* **PROVIDED RECORDS**
------------------------------------------------------------------------

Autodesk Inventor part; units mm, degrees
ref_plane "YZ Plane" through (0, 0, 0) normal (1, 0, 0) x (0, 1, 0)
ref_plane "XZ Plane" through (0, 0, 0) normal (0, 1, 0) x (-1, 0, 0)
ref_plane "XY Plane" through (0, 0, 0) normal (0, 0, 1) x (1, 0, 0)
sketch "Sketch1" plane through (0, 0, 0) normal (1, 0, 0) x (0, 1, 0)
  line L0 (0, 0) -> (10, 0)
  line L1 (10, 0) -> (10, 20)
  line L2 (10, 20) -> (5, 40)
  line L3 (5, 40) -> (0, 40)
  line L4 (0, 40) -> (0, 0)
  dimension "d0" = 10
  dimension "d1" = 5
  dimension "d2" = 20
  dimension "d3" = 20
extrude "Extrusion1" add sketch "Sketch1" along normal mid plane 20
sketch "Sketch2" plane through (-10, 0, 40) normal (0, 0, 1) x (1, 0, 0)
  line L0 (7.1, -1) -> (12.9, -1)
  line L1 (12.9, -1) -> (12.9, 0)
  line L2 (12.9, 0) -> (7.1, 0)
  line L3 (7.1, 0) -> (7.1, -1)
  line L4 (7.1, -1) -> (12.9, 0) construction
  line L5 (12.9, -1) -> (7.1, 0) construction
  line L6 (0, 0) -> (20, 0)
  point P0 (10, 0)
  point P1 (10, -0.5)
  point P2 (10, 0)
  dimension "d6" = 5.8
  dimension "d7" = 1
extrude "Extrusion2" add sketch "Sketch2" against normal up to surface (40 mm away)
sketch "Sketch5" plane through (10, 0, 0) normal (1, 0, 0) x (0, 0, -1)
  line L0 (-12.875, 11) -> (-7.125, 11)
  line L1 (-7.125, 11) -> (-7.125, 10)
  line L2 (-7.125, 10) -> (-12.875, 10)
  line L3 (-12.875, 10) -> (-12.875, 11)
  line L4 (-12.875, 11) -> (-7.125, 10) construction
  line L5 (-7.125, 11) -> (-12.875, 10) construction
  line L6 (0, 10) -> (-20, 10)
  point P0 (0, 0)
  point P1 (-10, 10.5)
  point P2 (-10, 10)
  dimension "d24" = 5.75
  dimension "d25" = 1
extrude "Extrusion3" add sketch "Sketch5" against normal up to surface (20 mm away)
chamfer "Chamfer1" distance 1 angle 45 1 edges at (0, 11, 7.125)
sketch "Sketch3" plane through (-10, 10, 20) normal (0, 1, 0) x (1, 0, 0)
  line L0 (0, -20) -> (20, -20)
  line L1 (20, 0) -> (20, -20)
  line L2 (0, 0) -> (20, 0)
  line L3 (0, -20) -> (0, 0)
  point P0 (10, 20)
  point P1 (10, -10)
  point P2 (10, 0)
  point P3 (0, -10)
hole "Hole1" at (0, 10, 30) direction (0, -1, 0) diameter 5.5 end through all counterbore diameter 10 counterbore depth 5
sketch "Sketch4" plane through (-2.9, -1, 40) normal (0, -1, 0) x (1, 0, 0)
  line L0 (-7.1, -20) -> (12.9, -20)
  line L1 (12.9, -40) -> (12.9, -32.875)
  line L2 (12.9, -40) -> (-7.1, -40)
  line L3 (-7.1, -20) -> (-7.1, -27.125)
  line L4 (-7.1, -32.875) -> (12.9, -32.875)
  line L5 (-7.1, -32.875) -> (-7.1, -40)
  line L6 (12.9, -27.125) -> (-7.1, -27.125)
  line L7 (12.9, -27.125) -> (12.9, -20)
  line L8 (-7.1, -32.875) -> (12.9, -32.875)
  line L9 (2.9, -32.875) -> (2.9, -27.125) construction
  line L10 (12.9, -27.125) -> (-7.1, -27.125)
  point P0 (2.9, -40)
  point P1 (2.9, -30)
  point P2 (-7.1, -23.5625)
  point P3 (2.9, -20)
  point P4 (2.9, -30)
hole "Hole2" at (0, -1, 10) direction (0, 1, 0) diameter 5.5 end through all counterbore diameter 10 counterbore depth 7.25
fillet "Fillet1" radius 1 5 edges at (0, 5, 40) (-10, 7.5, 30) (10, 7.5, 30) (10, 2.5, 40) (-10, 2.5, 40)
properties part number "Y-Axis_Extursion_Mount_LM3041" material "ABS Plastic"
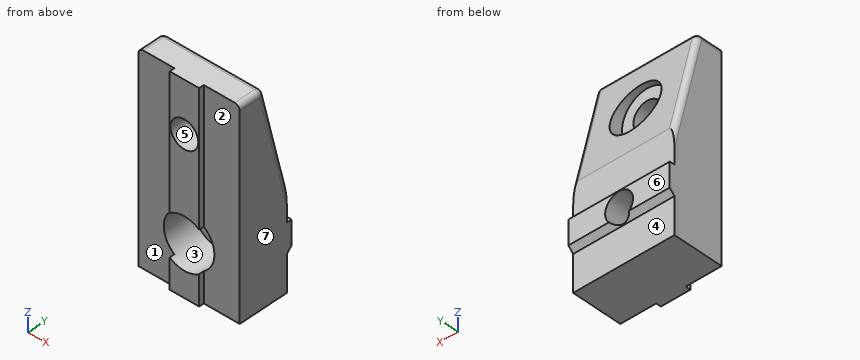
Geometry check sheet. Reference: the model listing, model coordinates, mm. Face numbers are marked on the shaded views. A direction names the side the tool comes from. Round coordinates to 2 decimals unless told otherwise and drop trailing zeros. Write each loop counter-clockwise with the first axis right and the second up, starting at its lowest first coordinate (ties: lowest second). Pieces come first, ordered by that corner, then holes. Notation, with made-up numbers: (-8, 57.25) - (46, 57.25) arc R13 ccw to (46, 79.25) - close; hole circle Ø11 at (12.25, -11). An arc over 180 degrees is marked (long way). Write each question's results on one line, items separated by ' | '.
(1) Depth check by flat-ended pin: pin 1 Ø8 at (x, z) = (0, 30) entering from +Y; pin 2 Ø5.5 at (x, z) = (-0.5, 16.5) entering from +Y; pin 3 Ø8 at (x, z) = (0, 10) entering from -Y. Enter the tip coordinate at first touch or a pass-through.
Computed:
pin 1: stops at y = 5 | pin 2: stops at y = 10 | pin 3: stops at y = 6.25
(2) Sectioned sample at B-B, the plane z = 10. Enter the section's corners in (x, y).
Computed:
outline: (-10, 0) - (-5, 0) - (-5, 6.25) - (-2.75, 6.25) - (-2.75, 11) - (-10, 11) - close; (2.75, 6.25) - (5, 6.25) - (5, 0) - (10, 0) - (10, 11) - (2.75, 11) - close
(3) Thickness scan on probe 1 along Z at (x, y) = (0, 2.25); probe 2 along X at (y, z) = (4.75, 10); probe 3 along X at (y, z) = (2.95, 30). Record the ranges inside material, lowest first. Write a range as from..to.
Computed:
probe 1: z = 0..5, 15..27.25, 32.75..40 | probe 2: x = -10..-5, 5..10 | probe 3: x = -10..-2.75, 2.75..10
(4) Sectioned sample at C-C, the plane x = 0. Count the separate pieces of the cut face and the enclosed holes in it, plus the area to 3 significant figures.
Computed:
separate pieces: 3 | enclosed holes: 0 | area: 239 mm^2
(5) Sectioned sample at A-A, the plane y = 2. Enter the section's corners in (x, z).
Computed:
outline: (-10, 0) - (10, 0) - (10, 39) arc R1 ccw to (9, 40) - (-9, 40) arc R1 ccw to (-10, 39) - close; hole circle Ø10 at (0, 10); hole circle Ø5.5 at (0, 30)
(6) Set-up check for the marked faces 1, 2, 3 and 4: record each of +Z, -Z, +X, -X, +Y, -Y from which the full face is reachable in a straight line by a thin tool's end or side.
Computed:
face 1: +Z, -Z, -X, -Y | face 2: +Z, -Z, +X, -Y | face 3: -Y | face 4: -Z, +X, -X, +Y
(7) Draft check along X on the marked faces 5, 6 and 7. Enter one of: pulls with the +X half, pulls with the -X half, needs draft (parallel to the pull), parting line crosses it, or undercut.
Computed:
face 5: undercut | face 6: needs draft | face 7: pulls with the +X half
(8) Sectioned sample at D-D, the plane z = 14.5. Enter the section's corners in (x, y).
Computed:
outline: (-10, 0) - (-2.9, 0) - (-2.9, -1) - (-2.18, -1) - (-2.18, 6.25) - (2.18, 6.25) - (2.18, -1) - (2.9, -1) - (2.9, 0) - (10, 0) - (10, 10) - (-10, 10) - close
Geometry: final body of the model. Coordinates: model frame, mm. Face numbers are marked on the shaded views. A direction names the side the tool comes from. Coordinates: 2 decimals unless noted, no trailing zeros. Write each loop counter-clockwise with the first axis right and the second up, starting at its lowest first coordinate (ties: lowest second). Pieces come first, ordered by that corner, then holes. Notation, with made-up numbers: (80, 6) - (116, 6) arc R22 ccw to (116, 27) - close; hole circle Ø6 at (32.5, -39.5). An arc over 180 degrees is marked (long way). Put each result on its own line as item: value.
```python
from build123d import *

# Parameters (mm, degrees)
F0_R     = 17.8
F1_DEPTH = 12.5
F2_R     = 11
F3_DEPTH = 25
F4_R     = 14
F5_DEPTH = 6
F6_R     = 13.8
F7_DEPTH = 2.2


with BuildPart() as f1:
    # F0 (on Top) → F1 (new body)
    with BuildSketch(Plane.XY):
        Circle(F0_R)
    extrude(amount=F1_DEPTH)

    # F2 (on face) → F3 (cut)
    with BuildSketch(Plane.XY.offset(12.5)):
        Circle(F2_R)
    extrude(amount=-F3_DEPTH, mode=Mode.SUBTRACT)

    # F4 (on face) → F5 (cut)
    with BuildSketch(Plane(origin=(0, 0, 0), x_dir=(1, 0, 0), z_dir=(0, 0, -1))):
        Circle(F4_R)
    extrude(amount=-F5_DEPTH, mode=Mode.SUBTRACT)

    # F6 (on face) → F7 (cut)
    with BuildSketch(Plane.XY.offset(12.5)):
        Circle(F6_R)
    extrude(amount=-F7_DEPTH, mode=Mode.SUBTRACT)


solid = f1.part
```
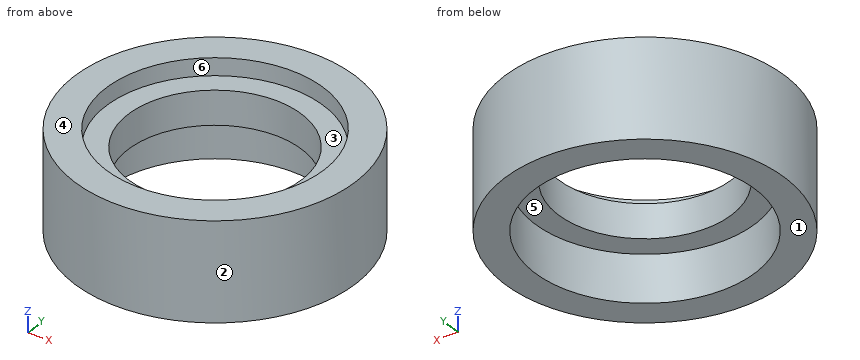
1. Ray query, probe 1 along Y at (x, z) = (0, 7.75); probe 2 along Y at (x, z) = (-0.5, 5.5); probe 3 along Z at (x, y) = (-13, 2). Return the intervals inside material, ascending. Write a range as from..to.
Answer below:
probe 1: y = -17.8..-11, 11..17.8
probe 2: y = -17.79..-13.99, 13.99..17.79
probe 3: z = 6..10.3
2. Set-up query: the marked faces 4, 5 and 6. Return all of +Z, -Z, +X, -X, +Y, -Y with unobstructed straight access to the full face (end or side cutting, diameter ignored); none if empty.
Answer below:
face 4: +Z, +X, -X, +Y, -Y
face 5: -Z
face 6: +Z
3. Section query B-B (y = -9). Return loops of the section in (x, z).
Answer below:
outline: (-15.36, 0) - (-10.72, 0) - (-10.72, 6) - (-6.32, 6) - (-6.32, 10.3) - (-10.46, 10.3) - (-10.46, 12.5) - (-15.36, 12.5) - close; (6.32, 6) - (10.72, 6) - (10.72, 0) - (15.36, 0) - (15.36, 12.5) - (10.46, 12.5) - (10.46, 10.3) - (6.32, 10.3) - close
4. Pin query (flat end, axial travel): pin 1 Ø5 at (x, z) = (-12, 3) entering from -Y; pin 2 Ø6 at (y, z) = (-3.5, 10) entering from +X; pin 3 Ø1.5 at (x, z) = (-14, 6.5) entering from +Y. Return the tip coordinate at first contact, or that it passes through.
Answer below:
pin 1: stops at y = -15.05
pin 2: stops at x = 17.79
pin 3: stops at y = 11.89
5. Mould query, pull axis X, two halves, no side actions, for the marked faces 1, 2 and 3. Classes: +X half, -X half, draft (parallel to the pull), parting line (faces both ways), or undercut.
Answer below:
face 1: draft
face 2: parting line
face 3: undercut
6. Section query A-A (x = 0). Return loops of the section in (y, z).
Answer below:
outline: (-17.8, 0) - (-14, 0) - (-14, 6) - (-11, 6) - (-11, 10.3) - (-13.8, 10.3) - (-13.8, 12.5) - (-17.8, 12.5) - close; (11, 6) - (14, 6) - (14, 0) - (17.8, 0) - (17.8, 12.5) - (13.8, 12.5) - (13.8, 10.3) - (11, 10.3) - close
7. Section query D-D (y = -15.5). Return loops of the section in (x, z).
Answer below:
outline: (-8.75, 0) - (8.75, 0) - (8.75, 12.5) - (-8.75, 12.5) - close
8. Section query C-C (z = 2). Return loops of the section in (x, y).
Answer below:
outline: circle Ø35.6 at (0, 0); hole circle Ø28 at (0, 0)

------------------------------------------------------------------------

* **WHAT YOU WILL DO**
Copy out the entries exactly. Begin at the first line and end with the line that has "(40 mm away)".

* **OUTPUT FOR THIS TASK**
Autodesk Inventor part; units mm, degrees
ref_plane "YZ Plane" through (0, 0, 0) normal (1, 0, 0) x (0, 1, 0)
ref_plane "XZ Plane" through (0, 0, 0) normal (0, 1, 0) x (-1, 0, 0)
ref_plane "XY Plane" through (0, 0, 0) normal (0, 0, 1) x (1, 0, 0)
sketch "Sketch1" plane through (0, 0, 0) normal (1, 0, 0) x (0, 1, 0)
  line L0 (0, 0) -> (10, 0)
  line L1 (10, 0) -> (10, 20)
  line L2 (10, 20) -> (5, 40)
  line L3 (5, 40) -> (0, 40)
  line L4 (0, 40) -> (0, 0)
  dimension "d0" = 10
  dimension "d1" = 5
  dimension "d2" = 20
  dimension "d3" = 20
extrude "Extrusion1" add sketch "Sketch1" along normal mid plane 20
sketch "Sketch2" plane through (-10, 0, 40) normal (0, 0, 1) x (1, 0, 0)
  line L0 (7.1, -1) -> (12.9, -1)
  line L1 (12.9, -1) -> (12.9, 0)
  line L2 (12.9, 0) -> (7.1, 0)
  line L3 (7.1, 0) -> (7.1, -1)
  line L4 (7.1, -1) -> (12.9, 0) construction
  line L5 (12.9, -1) -> (7.1, 0) construction
  line L6 (0, 0) -> (20, 0)
  point P0 (10, 0)
  point P1 (10, -0.5)
  point P2 (10, 0)
  dimension "d6" = 5.8
  dimension "d7" = 1
extrude "Extrusion2" add sketch "Sketch2" against normal up to surface (40 mm away)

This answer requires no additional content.